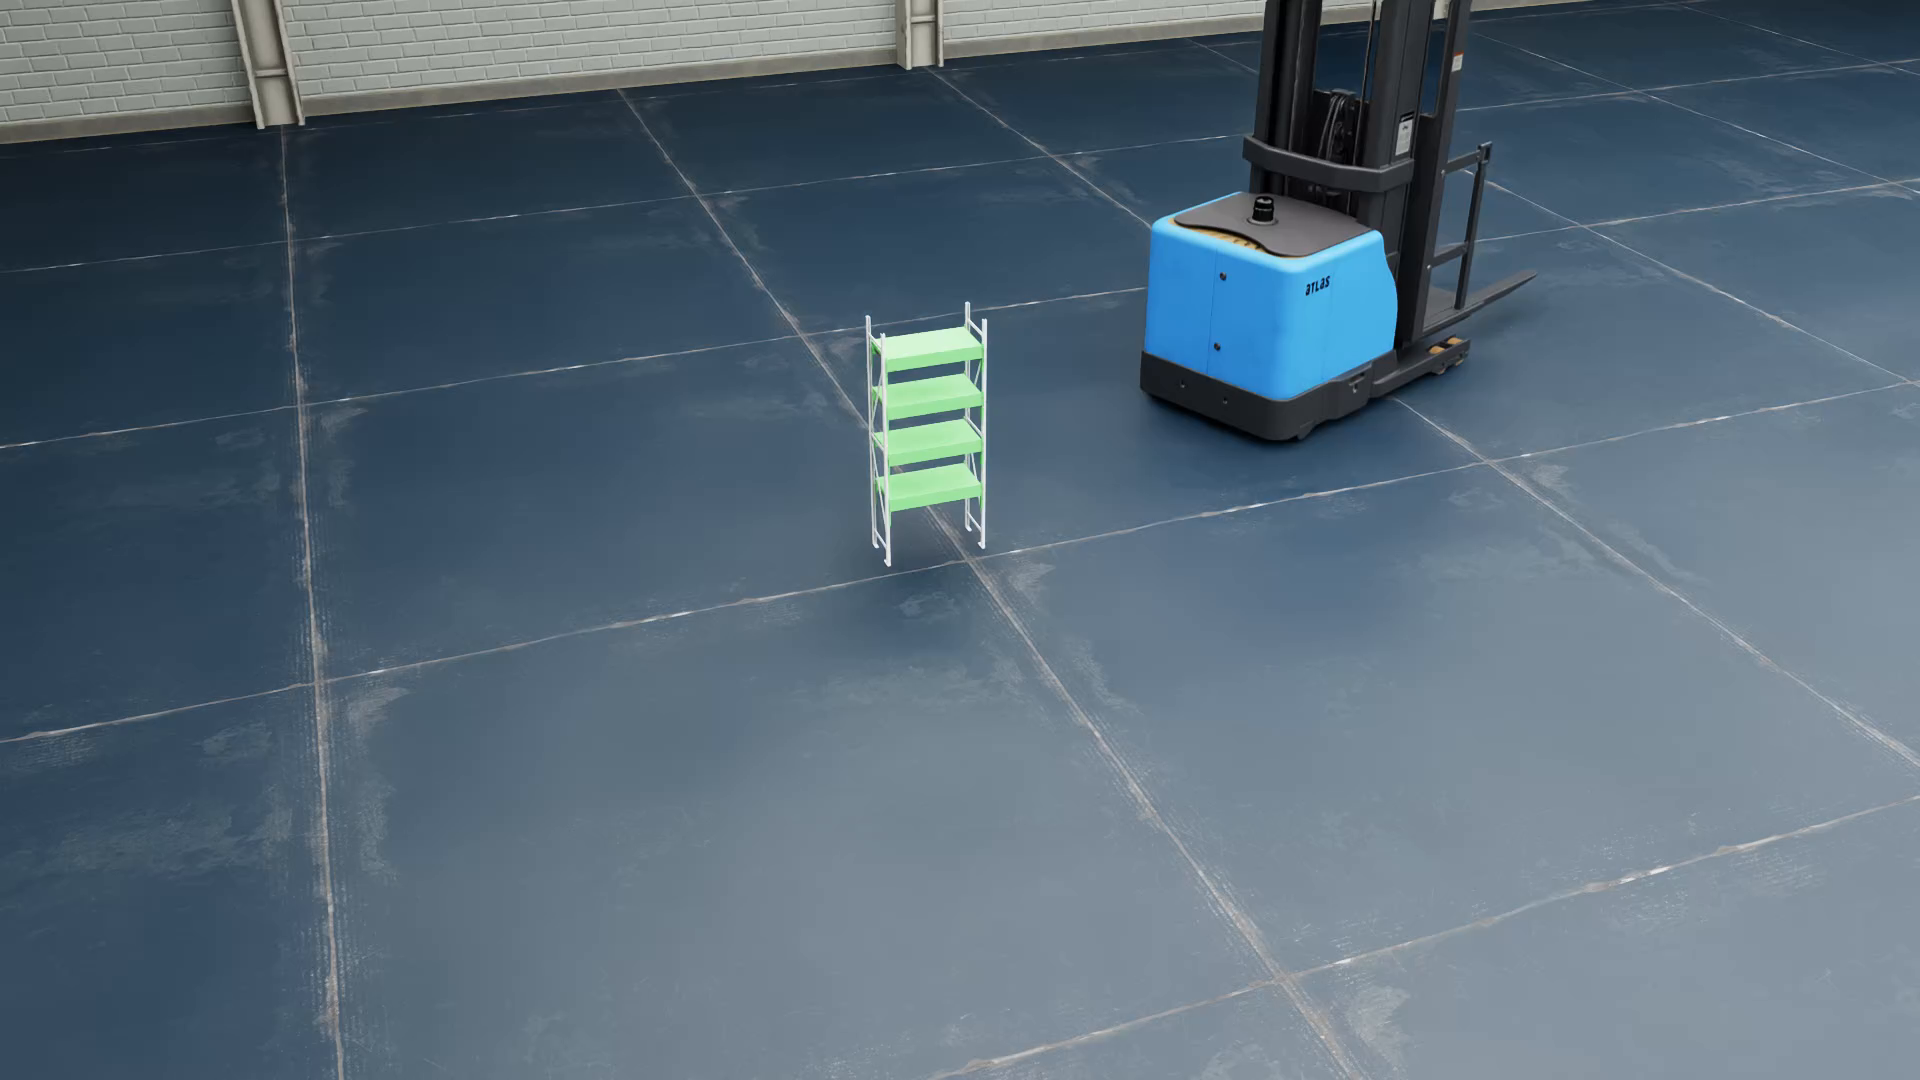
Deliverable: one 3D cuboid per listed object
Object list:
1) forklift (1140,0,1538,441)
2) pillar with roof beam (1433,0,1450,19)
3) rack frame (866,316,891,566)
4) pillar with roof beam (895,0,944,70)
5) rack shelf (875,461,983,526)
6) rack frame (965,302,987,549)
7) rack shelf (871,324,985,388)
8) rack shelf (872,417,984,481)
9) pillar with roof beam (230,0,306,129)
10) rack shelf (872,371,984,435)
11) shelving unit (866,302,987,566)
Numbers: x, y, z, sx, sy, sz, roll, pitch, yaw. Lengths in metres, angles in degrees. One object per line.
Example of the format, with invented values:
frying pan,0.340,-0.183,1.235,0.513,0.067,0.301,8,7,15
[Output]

— What to produce —
List the lines of the records where "pillar" occurs.

— Result —
2) pillar with roof beam (1433,0,1450,19)
4) pillar with roof beam (895,0,944,70)
9) pillar with roof beam (230,0,306,129)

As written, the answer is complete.